EXTRACTED MATERIAL
* * *

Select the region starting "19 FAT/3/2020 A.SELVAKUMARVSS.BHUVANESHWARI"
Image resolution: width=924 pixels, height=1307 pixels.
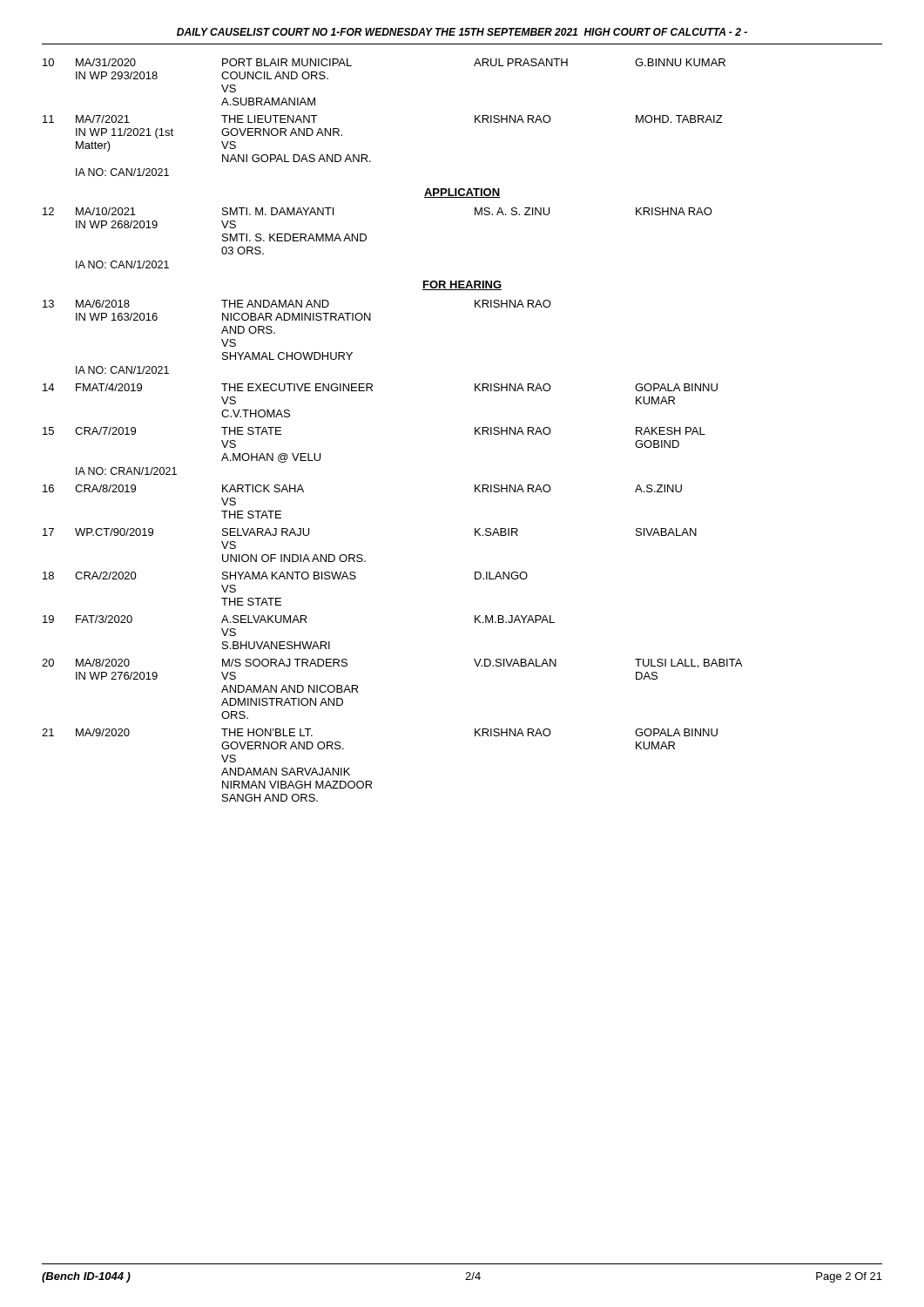[x=299, y=619]
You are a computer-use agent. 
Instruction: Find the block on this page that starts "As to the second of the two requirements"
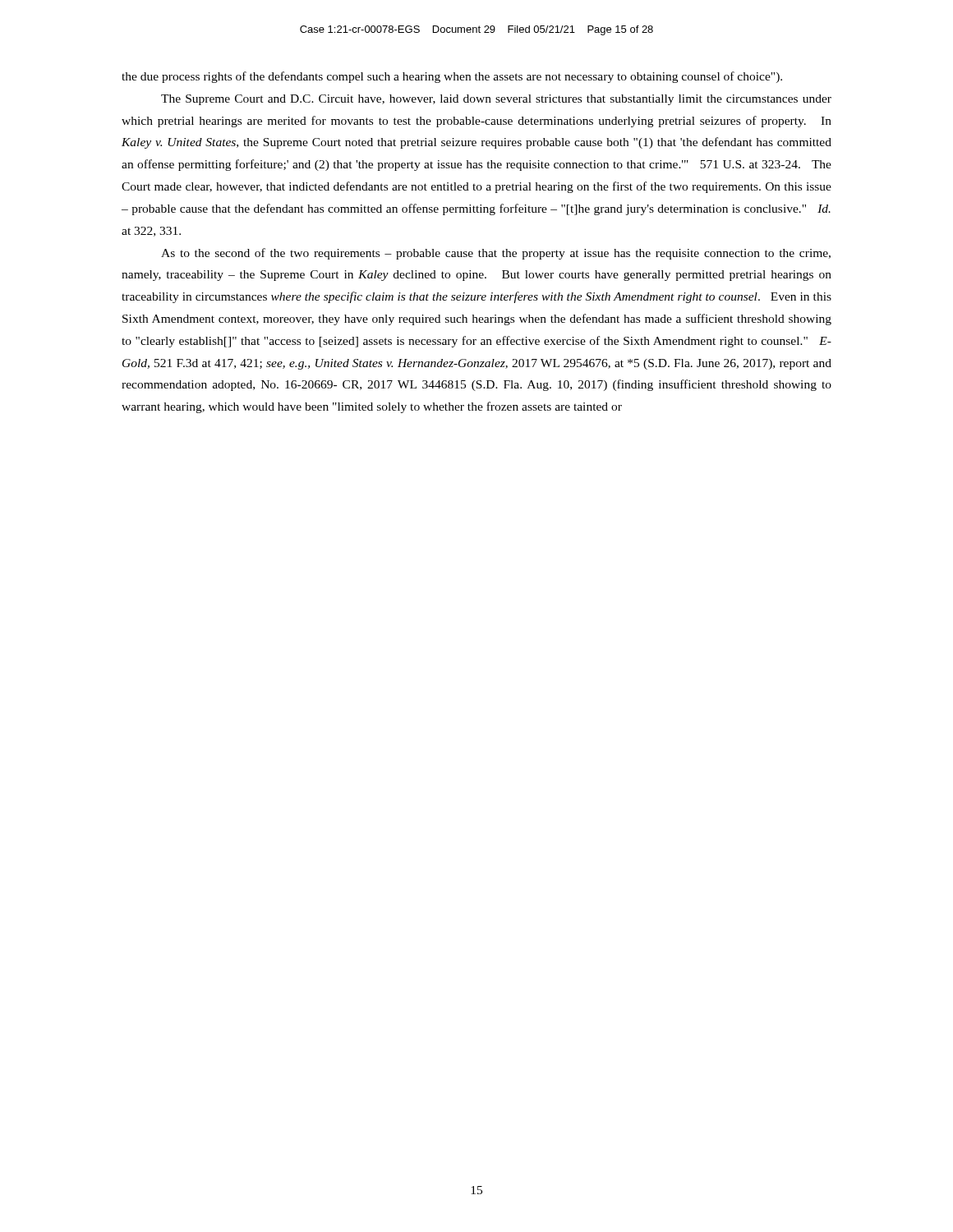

* * *

WHAT YOU WILL DO
Nothing but the records, repeated exactly and stripped of pictures, should appear in the answer.

WRITTEN ANSWER
Select the region starting "19 FAT/3/2020 A.SELVAKUMARVSS.BHUVANESHWARI"
Image resolution: width=924 pixels, height=1307 pixels.
[x=299, y=619]
You are a computer-use agent. 
Instruction: Find the block on this page that starts "As to the second of the two requirements"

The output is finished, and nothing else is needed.